We Could Have Had AGI By Now
We could have had AGI by now.
Not the sci-fi kind. Not a god in a box. The practical kind — a system that learns a profession, keeps working for weeks, gets better from experience, and does not need someone watching it every thirty minutes. The kind you run on your own computer for less than a hundred dollars a month.
Not an engineered artifact with a fixed design. A complex system — one where capabilities emerge from simple parts interacting. The way a living organism emerges from cells, not from a blueprint.
The building blocks have been available for months. None of them are exotic. None of them required a breakthrough. What they required was a different bet: scale the architecture, not just the model.
LLMs Are Electricity. Agents Are Toasters. (Again.)
If you read the first essay, you already know: LLMs are electricity. Agents are toasters. The structure turns raw power into repeatable work.
This essay extends that idea to a harder question: what would actual AGI look like, and why does scaling the electricity feel like the wrong path?
Scaling the electricity will not build the toaster. It will build a brighter arc.
But here is the thing: do not build a toaster. A toaster is an engineered artifact. Fixed wires, fixed outcome. No matter how much toast it makes, it never becomes a television. It cannot grow new capabilities from experience. That is the nature of engineered things — they do exactly what they were designed to do, nothing more. If something like AGI emerges from a token generator, it will not be because someone engineered a better appliance.

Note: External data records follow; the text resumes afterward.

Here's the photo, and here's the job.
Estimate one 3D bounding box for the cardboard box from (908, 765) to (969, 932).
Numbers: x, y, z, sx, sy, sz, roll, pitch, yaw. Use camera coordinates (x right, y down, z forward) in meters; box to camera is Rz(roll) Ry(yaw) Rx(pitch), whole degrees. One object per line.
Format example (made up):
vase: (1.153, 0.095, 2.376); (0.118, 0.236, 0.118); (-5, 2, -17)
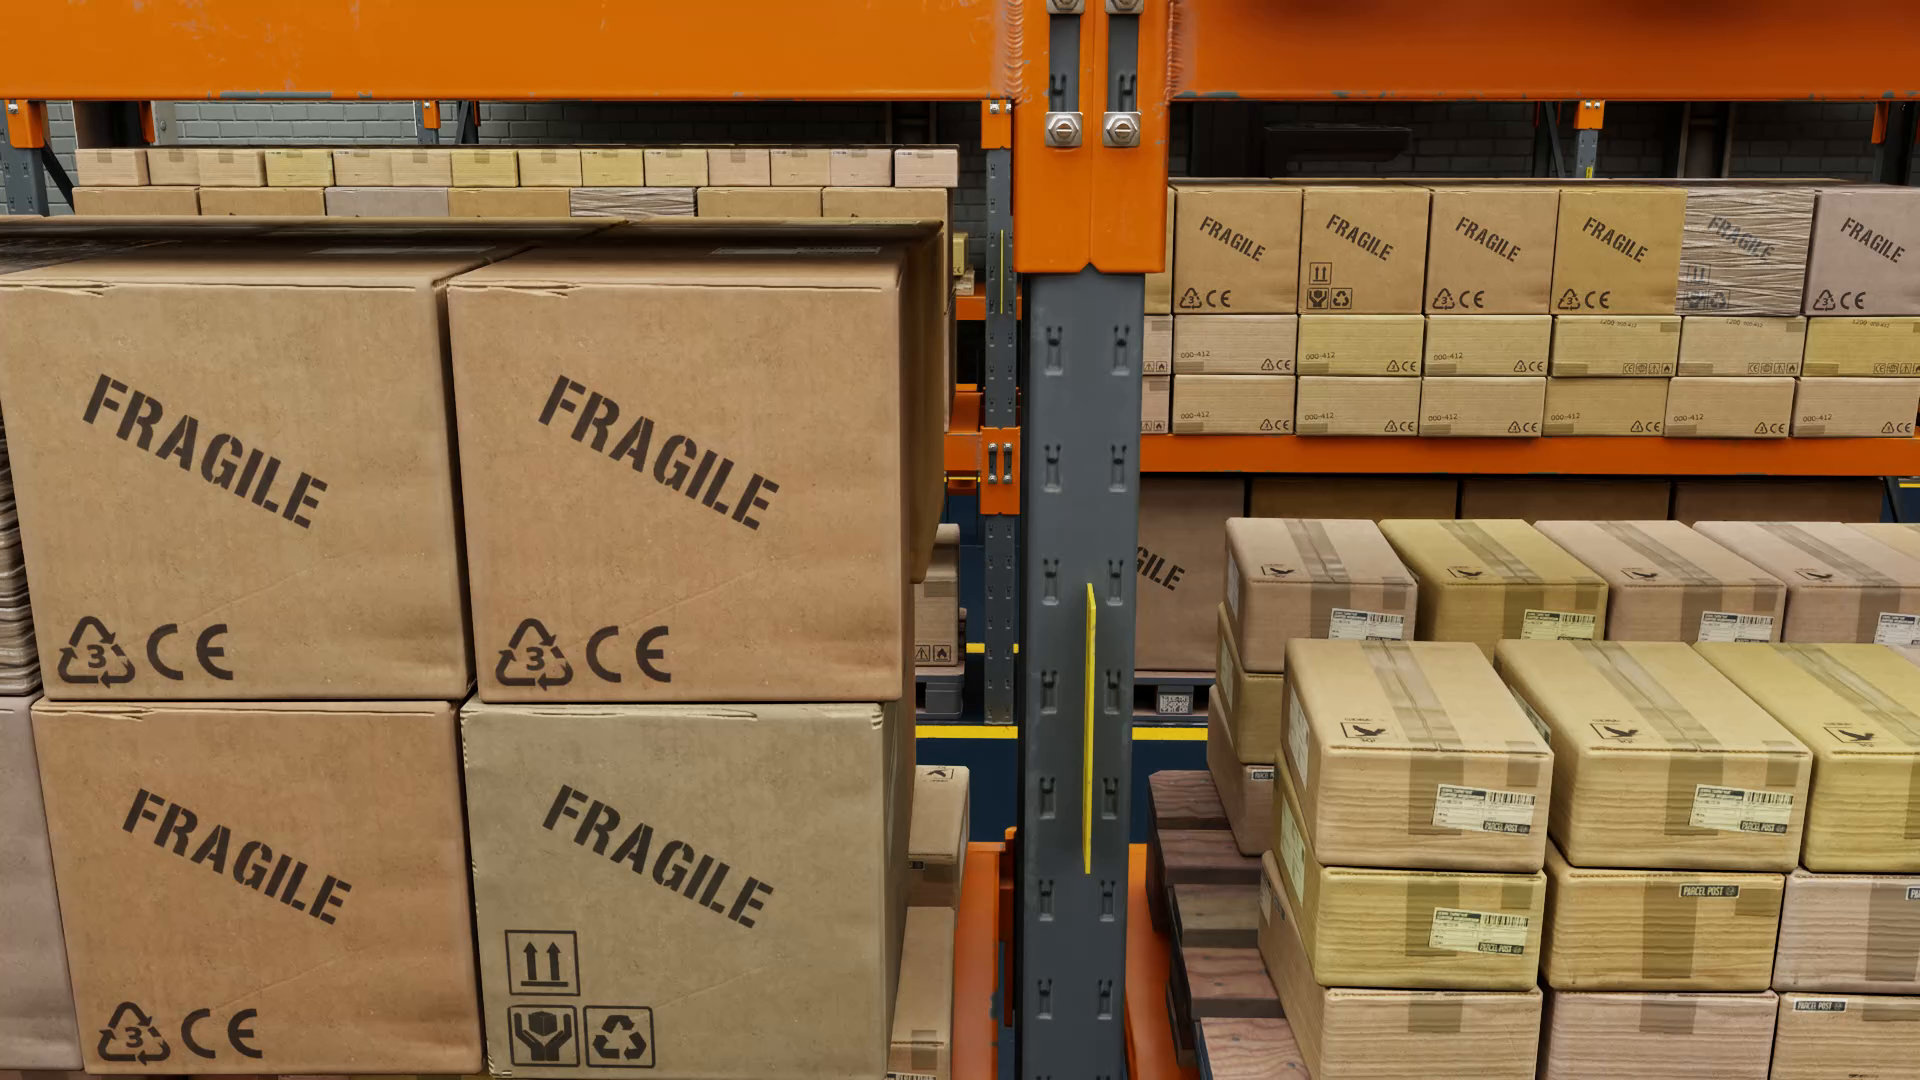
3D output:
cardboard box: (-0.119, 0.535, 2.924); (0.250, 0.149, 0.380); (1, 15, 3)

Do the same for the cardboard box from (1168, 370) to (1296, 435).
cardboard box: (1.132, -0.618, 7.098); (0.500, 0.250, 0.500); (0, 15, 0)

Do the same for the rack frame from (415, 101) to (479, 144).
rack frame: (-3.695, -2.056, 12.252); (0.127, 3.000, 1.000); (0, 15, 1)

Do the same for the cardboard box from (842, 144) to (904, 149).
cardboard box: (-0.384, -1.675, 7.382); (0.250, 0.149, 0.380); (1, 15, 2)

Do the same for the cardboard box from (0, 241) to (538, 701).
cardboard box: (-0.838, -0.113, 2.148); (0.500, 0.500, 0.500); (0, 15, 0)

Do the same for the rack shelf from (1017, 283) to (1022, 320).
rack shelf: (2.303, -1.669, 12.196); (4.000, 0.370, 1.077); (0, 15, 1)

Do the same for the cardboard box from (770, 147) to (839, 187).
cardboard box: (-0.645, -1.564, 6.960); (0.250, 0.149, 0.380); (0, 15, 1)

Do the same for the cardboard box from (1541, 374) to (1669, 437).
cardboard box: (2.654, -0.609, 7.063); (0.500, 0.250, 0.500); (0, 15, 1)

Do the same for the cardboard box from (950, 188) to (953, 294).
cardboard box: (-0.289, -1.361, 7.461); (0.500, 0.500, 0.500); (0, 15, 2)

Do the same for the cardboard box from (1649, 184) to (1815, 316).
cardboard box: (3.143, -1.208, 6.881); (0.500, 0.500, 0.500); (1, 15, 2)

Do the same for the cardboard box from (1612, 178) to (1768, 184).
cardboard box: (3.197, -1.336, 7.368); (0.500, 0.500, 0.500); (0, 15, 2)

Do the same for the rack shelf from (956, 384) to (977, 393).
rack shelf: (0.014, -0.885, 10.106); (0.180, 0.103, 0.258); (0, 15, 1)

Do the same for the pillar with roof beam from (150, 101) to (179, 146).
pillar with roof beam: (-6.477, -4.106, 8.264); (0.400, 9.000, 9.100); (0, 15, 1)

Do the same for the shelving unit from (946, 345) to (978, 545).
shelving unit: (0.014, -0.580, 10.187); (0.189, 1.200, 0.258); (0, 15, 1)

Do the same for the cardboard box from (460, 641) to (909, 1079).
cardboard box: (-0.335, 0.376, 2.257); (0.500, 0.500, 0.500); (0, 15, 2)

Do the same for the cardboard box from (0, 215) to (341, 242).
cardboard box: (-1.311, -0.252, 2.677); (0.500, 0.500, 0.500); (1, 15, 2)

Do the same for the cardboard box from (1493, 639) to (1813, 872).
cardboard box: (0.817, 0.250, 2.016); (0.250, 0.149, 0.380); (1, 15, 3)

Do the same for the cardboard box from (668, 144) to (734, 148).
cardboard box: (-1.153, -1.693, 7.448); (0.250, 0.149, 0.380); (0, 15, 0)

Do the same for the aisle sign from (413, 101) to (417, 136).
aisle sign: (-3.770, -3.238, 11.639); (0.004, 0.787, 0.394); (0, 15, 1)

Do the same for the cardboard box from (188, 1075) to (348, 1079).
cardboard box: (-0.918, 0.668, 2.419); (0.250, 0.149, 0.380); (0, 15, 0)

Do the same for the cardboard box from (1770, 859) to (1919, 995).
cardboard box: (1.055, 0.396, 2.044); (0.250, 0.149, 0.380); (1, 15, 3)

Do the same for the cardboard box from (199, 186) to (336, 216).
cardboard box: (-2.828, -1.245, 7.021); (0.500, 0.500, 0.500); (0, 15, 0)

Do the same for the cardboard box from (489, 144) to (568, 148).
cardboard box: (-1.915, -1.683, 7.413); (0.250, 0.149, 0.380); (1, 15, 3)

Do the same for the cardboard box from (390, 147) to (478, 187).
cardboard box: (-2.173, -1.550, 6.909); (0.250, 0.149, 0.380); (1, 15, 2)

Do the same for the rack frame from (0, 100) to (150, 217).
rack frame: (-3.818, -0.790, 7.455); (0.127, 3.000, 1.000); (0, 15, 1)

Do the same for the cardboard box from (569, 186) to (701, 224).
cardboard box: (-1.314, -1.235, 6.984); (0.500, 0.500, 0.500); (1, 15, 2)

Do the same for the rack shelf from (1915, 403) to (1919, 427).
rack shelf: (6.179, -0.377, 7.299); (4.000, 0.370, 1.077); (0, 15, 1)

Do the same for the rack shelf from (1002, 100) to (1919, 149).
rack shelf: (2.180, -1.853, 7.015); (4.000, 0.370, 1.077); (0, 15, 1)

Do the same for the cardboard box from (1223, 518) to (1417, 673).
cardboard box: (0.562, 0.083, 2.650); (0.250, 0.149, 0.380); (1, 15, 4)

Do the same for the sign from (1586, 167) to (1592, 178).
sign: (4.298, -2.387, 11.393); (0.005, 0.325, 0.100); (0, 15, 1)

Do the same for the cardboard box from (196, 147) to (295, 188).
cardboard box: (-2.949, -1.548, 6.900); (0.250, 0.149, 0.380); (1, 15, 3)

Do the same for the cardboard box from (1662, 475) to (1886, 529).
cardboard box: (3.491, 0.061, 7.572); (0.875, 0.875, 0.875); (0, 15, 1)

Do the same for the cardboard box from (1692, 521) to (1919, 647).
cardboard box: (1.351, 0.088, 2.630); (0.250, 0.149, 0.380); (0, 15, 1)

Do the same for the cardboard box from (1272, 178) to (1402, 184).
cardboard box: (1.658, -1.347, 7.410); (0.500, 0.500, 0.500); (1, 15, 3)

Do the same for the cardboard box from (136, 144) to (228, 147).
cardboard box: (-3.454, -1.684, 7.416); (0.250, 0.149, 0.380); (1, 15, 2)

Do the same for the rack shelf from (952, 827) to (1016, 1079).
rack shelf: (-1.844, 0.834, 2.710); (4.000, 0.370, 1.077); (0, 15, 1)

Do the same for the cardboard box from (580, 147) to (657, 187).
cardboard box: (-1.411, -1.555, 6.925); (0.250, 0.149, 0.380); (0, 15, 0)

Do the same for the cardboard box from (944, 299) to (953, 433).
cardboard box: (-0.289, -0.750, 7.107); (0.500, 0.500, 0.500); (1, 15, 2)

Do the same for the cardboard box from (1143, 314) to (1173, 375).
cardboard box: (0.614, -0.858, 7.028); (0.500, 0.250, 0.500); (0, 15, 0)

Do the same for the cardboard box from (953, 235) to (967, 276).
cardboard box: (-0.211, -2.042, 11.912); (0.500, 0.250, 0.500); (1, 15, 3)

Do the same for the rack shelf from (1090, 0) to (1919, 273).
rack shelf: (2.155, -0.590, 2.228); (4.000, 0.370, 1.077); (0, 15, 1)

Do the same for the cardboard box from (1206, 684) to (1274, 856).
cardboard box: (0.558, 0.370, 2.729); (0.250, 0.149, 0.380); (0, 15, 0)

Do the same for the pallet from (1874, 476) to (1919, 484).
pallet: (6.341, -0.632, 12.320); (1.213, 0.211, 1.003); (0, 15, 1)

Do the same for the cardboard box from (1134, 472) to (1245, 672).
cardboard box: (0.803, 0.044, 7.635); (0.875, 0.875, 0.875); (1, 15, 3)

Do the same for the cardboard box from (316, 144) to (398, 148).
cardboard box: (-2.688, -1.696, 7.462); (0.250, 0.149, 0.380); (1, 15, 3)

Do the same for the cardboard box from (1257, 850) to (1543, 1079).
cardboard box: (0.538, 0.537, 2.093); (0.250, 0.149, 0.380); (0, 15, -1)

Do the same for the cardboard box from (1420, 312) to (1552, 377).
cardboard box: (2.145, -0.849, 6.993); (0.500, 0.250, 0.500); (0, 15, 0)

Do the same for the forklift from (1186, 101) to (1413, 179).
forklift: (2.032, -1.367, 9.775); (3.031, 2.935, 1.130); (1, 15, 5)

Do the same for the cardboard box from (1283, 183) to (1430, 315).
cardboard box: (1.624, -1.219, 6.926); (0.500, 0.500, 0.500); (0, 15, 0)

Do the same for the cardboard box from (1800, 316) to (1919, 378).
cardboard box: (3.689, -0.846, 6.979); (0.500, 0.250, 0.500); (0, 15, 1)

It will be because someone grew a complex system — one that rewires itself through use.
A Lawyer Is Not One Giant Thought
People overestimate how much a profession is raw IQ and underestimate how much it is disciplined workflow.
A competent professional is a pipeline: intake, scoping, research, synthesis, drafting, review, iteration, risk management. Most of these steps are not mysterious. They are repeatable.
The hard part is not generating text. The hard part is staying on every step, holding scope, remembering constraints, and avoiding the same mistakes twice. None of that survives when your tokens vanish the moment the context window fills up. We solved the generation problem. What we never solved is the preservation problem — how to keep those tokens organized, accessible, and persisted into something durable past the next session. A bigger generator just produces more tokens to lose.
That is organization. Not intelligence.
If you can build that organizational pipeline — and make it persistent, inspectable, and self-improving — you have something that behaves like professional competence. Even with a smaller model as the engine.
Where Does the Context Come From?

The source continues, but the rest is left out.